In an article for Cabinet Magazine, Daniel Rosenberg – an assistant professor of history at the University of Oregon – points out for clarification: ““Léopold” is a reincarnation of Joseph Balsamo, physician and lover to Marie Antoinette and Hélène Smith’s primary spirit-guide. “Esenale” is a reincarnation of Alexis Mirbel, deceased son of one of the sitters in Smith’s circle and primary interpreter of the Martian language.” The scene described above is what Flournoy refers to as “the Martian cycle”, those séances where Smith would enter a trance state and journey to Mars (the trances were somnambulistic in nature, in that she appeared to enter a state of sleep combined with wakefulness). Flournoy believed that her automatic writing was mere “romances of the subliminal imagination, derived largely from forgotten sources (for example, books read as a child)”. He coined the term cryptomnesia to describe this phenomenon: it’s when a forgotten memory returns without a subject recognising it as such, and instead he or she thinks of it as an original creation.

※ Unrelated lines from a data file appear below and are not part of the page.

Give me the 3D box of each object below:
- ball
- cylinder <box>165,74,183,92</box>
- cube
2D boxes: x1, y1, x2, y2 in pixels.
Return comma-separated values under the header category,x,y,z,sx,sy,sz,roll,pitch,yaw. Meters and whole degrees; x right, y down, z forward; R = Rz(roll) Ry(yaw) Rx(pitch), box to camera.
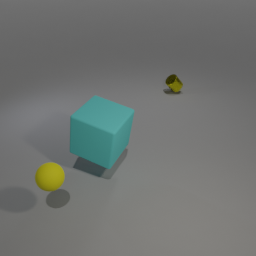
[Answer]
category,x,y,z,sx,sy,sz,roll,pitch,yaw
ball,-1.903,1.192,6.833,0.700,0.700,0.700,0,29,0
cylinder,2.452,-2.370,14.863,0.700,0.700,0.700,-25,46,29
cube,-0.787,0.095,8.443,1.400,1.400,1.400,21,39,14

The Surrealists dubbed Smith “the Muse of Automatic Writing”, in light of her practice of automatic writing (also called psychography), which refers to producing words in a trance-like state, involuntarily and unconsciously. Mediums like Smith believe such writing comes from psychic abilities, that the writing comes from a source outside of themselves. The Surrealists also took particular interest in automatism, which involves suppressing conscious control of the creative process, allowing material from the unconscious to spontaneously arise, and for this reason, they saw great value in automatic drawing and writing. In his Surrealist Manifesto (1924), the French writer André Breton defined surrealism as:
pure psychic automatism, by which one proposes to express, either verbally, in writing, or by any other manner, the real functioning of thought. Dictation of thought in the absence of all control exercised by reason, outside of all aesthetic and moral preoccupation.
The Surrealists thus saw automatic writing as revelatory. Scientists and sceptics have attempted to explain automatic writing – as well as how Oujia boards work – in terms of the ideomotor effect, an example of unconscious, involuntary movement. It refers to the process whereby a thought or mental image leads to a reflexive, automatic response from the body, which occurs without you consciously ‘telling’ your body to act in that way. In any case, Smith seemed to have produced her asemic script while in this state of automatic writing.
Interestingly, Serafini stated during his talk at Oxford that the experience of writing his fabricated language in the Codex was similar to automatic writing. And this makes sense, given the task of producing the work. It would simply be too time-consuming to create over 300 pages of purely artistic text that appeared to encode a language, writing that appears so language-like that amateur cryptographers would consider it worth trying to decipher and expend great effort in their attempts. It took a little over two years for Serafini to complete the Codex. In a 2007 phone interview for El País, Serafini described the Codex as water that gushed out of him, and in relation to his language, he said it was artistic but added: “I realized I was leaving the pencil alone . . . I made it up suddenly. It is a vision, a dream language. The mystery, for me, is simply in the artistic act.” We may suppose, therefore, that he was able to compose his work in the aforementioned timeframe because the writing for him was like an automated act, requiring little to no conscious effort.
Automatic writing – whether or not you believe it is inspired by aliens, divine beings, spirits, or human creativity – is like the written form of glossolalia (“speaking in tongues”: unintelligible speech uttered in a trance state, which usually takes place in the context of religious worship, especially among Pentecostal and charismatic Christians). The creation of fake writing in an automatic state, like glossolalia, often has mystical connotations attached to it, and also shares in common the creation of something novel with minimal conscious effort (we can add musical improvisation, doodling, scribbling, and dreaming as other activities that share this latter feature).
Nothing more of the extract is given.